Robotic swarm maintenance
Finally, a few words on robotic maintenance: Many of you know of the robotic lawnmower machines or the robotic vacuum cleaners that respectively populate lawns and homes. But let us think ahead, imagine an army of hundreds of façade cleaning robots, walking the three-dimensional façade like gekkos, cleaning small areas at a time, regularly returning to their base stations to get a water or soap refill, and sprawling out again over the façade. Such façades would be continuously populated with hundreds of small cooperating robotic devices. Imagine human cleaning staff to cooperate with this army of cleaning robots as to monitor the façade structure, and as to report on small failures that needs to be mended. The robotic devices are instructed to follow the BIM, and in case of any small deviation they would immediately record the conflict between the actual state and the designed, desirable state. Fantasy? Fantasy like the three-legged smooth
running spiders from Minority Report that are checking the eyes of the inhabitants in their search for the suspect Tom Cruise alias John Stanterton? No, not a fantasy at all, but rather a relevant technology required for the mandatory maintenance and inspection of tall building façades, for instance. Swarms of robots, invading both exterior and
interior territories, operating in an interactive cooperation with educated human staff, would in the end strongly reduce maintenance and subsequently failure costs leading to a higher safety level.

Human robot interaction
An urgent question that needs to be discussed here is what would a widespread application of swarm robotics in the building industry mean to human labor.

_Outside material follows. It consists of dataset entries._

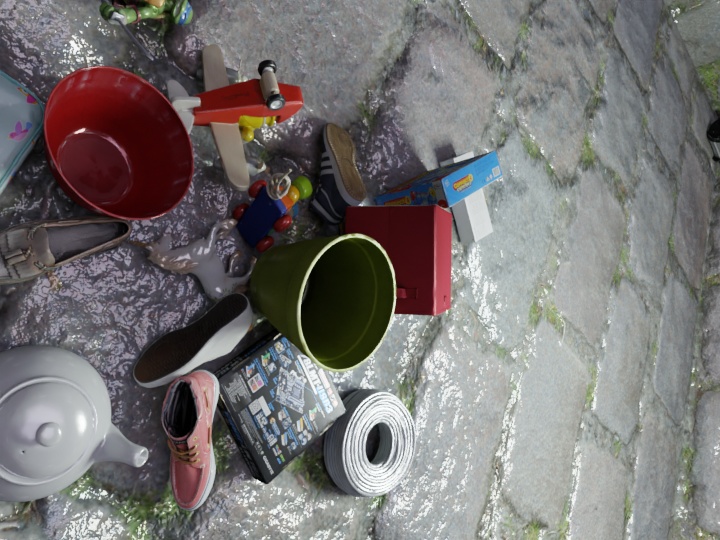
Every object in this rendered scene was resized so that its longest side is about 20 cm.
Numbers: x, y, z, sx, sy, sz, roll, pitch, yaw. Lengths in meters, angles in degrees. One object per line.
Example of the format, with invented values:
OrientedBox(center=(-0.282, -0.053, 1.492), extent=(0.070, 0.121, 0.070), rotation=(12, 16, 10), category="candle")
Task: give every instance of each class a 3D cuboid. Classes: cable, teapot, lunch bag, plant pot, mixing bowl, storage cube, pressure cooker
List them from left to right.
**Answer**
OrientedBox(center=(-0.490, -0.158, 0.635), extent=(0.159, 0.076, 0.204), rotation=(38, 63, -32), category="lunch bag")
OrientedBox(center=(-0.394, 0.185, 0.648), extent=(0.197, 0.144, 0.203), rotation=(-25, 102, -38), category="teapot")
OrientedBox(center=(-0.342, -0.155, 0.734), extent=(0.197, 0.106, 0.207), rotation=(18, 66, -46), category="mixing bowl")
OrientedBox(center=(-0.077, 0.036, 0.861), extent=(0.197, 0.190, 0.207), rotation=(-10, 105, -42), category="plant pot")
OrientedBox(center=(0.022, 0.336, 1.047), extent=(0.200, 0.068, 0.203), rotation=(-46, 116, -33), category="cable")
OrientedBox(center=(0.074, -0.019, 0.980), extent=(0.199, 0.166, 0.186), rotation=(1, 90, -71), category="storage cube")
OrientedBox(center=(1.792, -0.624, 2.596), extent=(0.200, 0.173, 0.182), rotation=(45, 57, -30), category="pressure cooker")

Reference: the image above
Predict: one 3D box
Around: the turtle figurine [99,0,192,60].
OrientedBox(center=(-0.323, -0.421, 0.741), extent=(0.190, 0.146, 0.202), rotation=(26, 27, -18), category="turtle figurine")

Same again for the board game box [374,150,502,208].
OrientedBox(center=(0.162, -0.175, 1.127), extent=(0.198, 0.193, 0.057), rotation=(-31, 105, -38), category="board game box")

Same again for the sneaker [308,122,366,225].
OrientedBox(center=(-0.056, -0.181, 1.030), extent=(0.069, 0.108, 0.204), rotation=(12, 49, -36), category="sneaker")

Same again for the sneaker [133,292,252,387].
OrientedBox(center=(-0.247, 0.124, 0.832), extent=(0.198, 0.073, 0.086), rotation=(-34, 148, -20), category="sneaker")

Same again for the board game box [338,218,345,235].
OrientedBox(center=(0.000, 0.000, 1.086), extent=(0.103, 0.023, 0.207), rotation=(2, 85, -39), category="board game box")

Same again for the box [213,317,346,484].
OrientedBox(center=(-0.139, 0.218, 0.930), extent=(0.197, 0.049, 0.204), rotation=(-36, 109, -38), category="box")

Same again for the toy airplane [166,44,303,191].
OrientedBox(center=(-0.212, -0.246, 0.864), extent=(0.196, 0.142, 0.203), rotation=(28, 74, 5), category="toy airplane")

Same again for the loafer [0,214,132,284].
OrientedBox(center=(-0.402, -0.037, 0.711), extent=(0.197, 0.062, 0.074), rotation=(-24, 103, -39), category="loafer")

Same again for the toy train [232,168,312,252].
OrientedBox(center=(-0.120, -0.122, 0.881), extent=(0.085, 0.199, 0.115), rotation=(51, 46, 0), category="toy train")

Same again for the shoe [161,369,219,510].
OrientedBox(center=(-0.254, 0.251, 0.782), extent=(0.091, 0.069, 0.207), rotation=(45, 50, -82), category="shoe")

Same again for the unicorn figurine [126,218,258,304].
OrientedBox(center=(-0.241, -0.016, 0.843), extent=(0.138, 0.073, 0.202), rotation=(-49, 117, -32), category="unicorn figurine")

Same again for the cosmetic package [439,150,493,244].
OrientedBox(center=(0.257, -0.176, 1.304), extent=(0.082, 0.050, 0.206), rotation=(-25, 103, -41), category="cosmetic package")

We want everyone op to have a decent job after all, we want everyone to do relevant work and we do not wish to see many workers in the building industry unemployed. I became aware of this
urgency when lecturing in China and discussing with Chinese architects in August 2011, After ample consideration I believe that the solution is in the early design concept. I believe we should not refrain from advanced technical solutions like swarm robotics, but at the same time we should not automate and standardize to the extreme, but design the automation process in such a way that humans find pleasure in meaningfully interacting with the robots. Robot hands and human hands should work. together in a smooth operation that guarantees the continuity of meaningful human labor and effective robotic operation at the same time. Do not attempt to optimize a traditional building design and building processes with human robotic processes, but take advantage of their potential and create a new surprising complexity based on simple rules in such a cooperative human-robotic fashion that one is able to create a new kind of non-standard architecture that otherwise would not have been possible. That is the only justification to choose the “we robots’ road towards future building.